Is the product segment-specific? Segments are most likely aligned by bonding patterns, since segments are often linked by similar behavioral patterns.

Is the product a function of market conditions? In other words, does the product thrive only in certain conditions? If so, it will likely create contagion (most likely bond-induced) quickly and grow if it adapts with the market cycles.

Is location a factor? If the product is specific to location (or at least starts there), the bonding element is more often the driving force of product adoption.

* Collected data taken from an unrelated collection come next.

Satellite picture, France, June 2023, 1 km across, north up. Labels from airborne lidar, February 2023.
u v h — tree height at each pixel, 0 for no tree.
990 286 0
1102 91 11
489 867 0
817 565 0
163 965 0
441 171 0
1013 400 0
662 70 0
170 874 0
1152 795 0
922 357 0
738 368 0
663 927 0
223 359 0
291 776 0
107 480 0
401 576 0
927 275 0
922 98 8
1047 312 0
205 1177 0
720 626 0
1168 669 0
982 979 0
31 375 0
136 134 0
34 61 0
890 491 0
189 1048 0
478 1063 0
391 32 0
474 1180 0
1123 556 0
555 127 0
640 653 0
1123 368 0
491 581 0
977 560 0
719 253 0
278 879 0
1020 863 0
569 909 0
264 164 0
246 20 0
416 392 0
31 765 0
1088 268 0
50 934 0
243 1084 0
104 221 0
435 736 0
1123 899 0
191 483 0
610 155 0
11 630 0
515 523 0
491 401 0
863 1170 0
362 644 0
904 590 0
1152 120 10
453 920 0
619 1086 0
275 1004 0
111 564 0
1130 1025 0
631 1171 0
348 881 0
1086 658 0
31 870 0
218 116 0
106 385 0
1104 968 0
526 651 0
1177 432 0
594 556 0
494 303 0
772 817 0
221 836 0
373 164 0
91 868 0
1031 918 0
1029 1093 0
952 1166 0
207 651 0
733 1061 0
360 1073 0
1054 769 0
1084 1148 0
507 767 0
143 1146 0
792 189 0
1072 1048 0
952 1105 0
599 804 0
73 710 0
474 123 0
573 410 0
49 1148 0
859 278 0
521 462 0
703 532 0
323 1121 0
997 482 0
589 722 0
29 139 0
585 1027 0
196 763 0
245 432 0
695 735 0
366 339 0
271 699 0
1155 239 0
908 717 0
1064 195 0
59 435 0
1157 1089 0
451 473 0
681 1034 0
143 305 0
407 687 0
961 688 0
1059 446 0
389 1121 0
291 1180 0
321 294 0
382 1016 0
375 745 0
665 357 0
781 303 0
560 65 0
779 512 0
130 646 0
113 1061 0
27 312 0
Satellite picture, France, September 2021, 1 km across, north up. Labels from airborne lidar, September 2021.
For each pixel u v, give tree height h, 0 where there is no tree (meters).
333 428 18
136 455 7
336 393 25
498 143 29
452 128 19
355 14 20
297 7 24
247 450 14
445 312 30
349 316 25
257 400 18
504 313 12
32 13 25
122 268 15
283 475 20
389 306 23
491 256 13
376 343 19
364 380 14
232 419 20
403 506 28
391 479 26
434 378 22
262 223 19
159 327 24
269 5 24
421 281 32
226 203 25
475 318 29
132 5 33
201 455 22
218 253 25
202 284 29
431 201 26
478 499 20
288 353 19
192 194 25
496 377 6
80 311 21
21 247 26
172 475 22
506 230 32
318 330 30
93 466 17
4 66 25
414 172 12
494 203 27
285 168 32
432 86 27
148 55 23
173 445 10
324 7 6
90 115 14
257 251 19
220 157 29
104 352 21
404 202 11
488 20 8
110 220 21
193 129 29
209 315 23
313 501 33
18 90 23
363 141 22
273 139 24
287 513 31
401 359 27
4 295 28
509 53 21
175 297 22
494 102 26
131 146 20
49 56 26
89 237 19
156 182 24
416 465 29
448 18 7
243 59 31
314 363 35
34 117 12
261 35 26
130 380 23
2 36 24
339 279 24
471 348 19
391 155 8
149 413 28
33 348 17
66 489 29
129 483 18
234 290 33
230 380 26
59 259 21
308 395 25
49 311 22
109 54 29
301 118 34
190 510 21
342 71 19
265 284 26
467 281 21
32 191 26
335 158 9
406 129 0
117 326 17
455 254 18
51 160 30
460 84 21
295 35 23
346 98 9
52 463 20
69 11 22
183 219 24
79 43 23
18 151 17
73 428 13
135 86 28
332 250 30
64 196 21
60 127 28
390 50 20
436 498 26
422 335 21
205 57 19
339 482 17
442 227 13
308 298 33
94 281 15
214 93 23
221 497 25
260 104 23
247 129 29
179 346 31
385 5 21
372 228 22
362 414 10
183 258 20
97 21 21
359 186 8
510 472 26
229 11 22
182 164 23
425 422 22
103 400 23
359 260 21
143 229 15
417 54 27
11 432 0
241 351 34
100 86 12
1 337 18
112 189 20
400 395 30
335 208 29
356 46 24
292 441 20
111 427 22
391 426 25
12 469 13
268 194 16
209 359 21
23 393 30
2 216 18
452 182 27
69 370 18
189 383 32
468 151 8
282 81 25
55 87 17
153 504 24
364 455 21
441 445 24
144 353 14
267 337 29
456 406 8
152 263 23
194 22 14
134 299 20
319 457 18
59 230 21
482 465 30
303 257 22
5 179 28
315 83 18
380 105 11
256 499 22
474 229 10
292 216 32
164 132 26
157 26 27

Is the product cool? In other words, do consumers make a statement about themselves when they adopt the product? This suggests high-level bond effects but also high-level effects from the admired expert.

Growing field of research

Should a researcher desire to test the possible outcomes given the alteration of social influence parameters, a growing field of research is available. Computational modeling (or multi-agent modeling) is a cost-efficient and sound method for simulating conceptual data. The key to computational modeling, similar to other examples listed, is to keep the model simple. In doing so, researchers can experiment with different parameters of the market and the diffusion of social exchanges (examples include the questions outlined above). Computational modeling looks at markets as a complex system, which is a true function of the market itself.

One final note: Linnea is now a staunch Packers fan and Jack got an iPhone for Christmas.

References

Carley, K. (1999). “On the evolution of social and organizational networks.” In S.B. Andrews and D. Knoke (eds.) Vol. 16 special issue of Research in the Sociology of Organizations. On “Networks In and Around Organizations,” p. 3-30. JAI Press, Inc. Stamford, Conn.

Friedkin, N.E. & Johnsen, E.C. (2011). Social Influence Network Theory: A Sociological Investigation Of Small Group Dynamics. Cambridge University Press.

Mahajan, Vijay, Muller, E. & Bass, F.M. (1990). New Product Diffusion Models in Marketing. A Review and Directions for Research.” Journal of Marketing, 54 (1), p. 1-26.

Mahajan, Vijay, Muller, E. & Wind, Y.W. (2000). New-Product Diffusion Models. New York: Springer Science + Business Media, Inc.

Stigler, G.J. & Becker, G.S. (1977). “De Gustibus non est Disputandum.” The American Economic Review, 67 (2),pp. 76-90.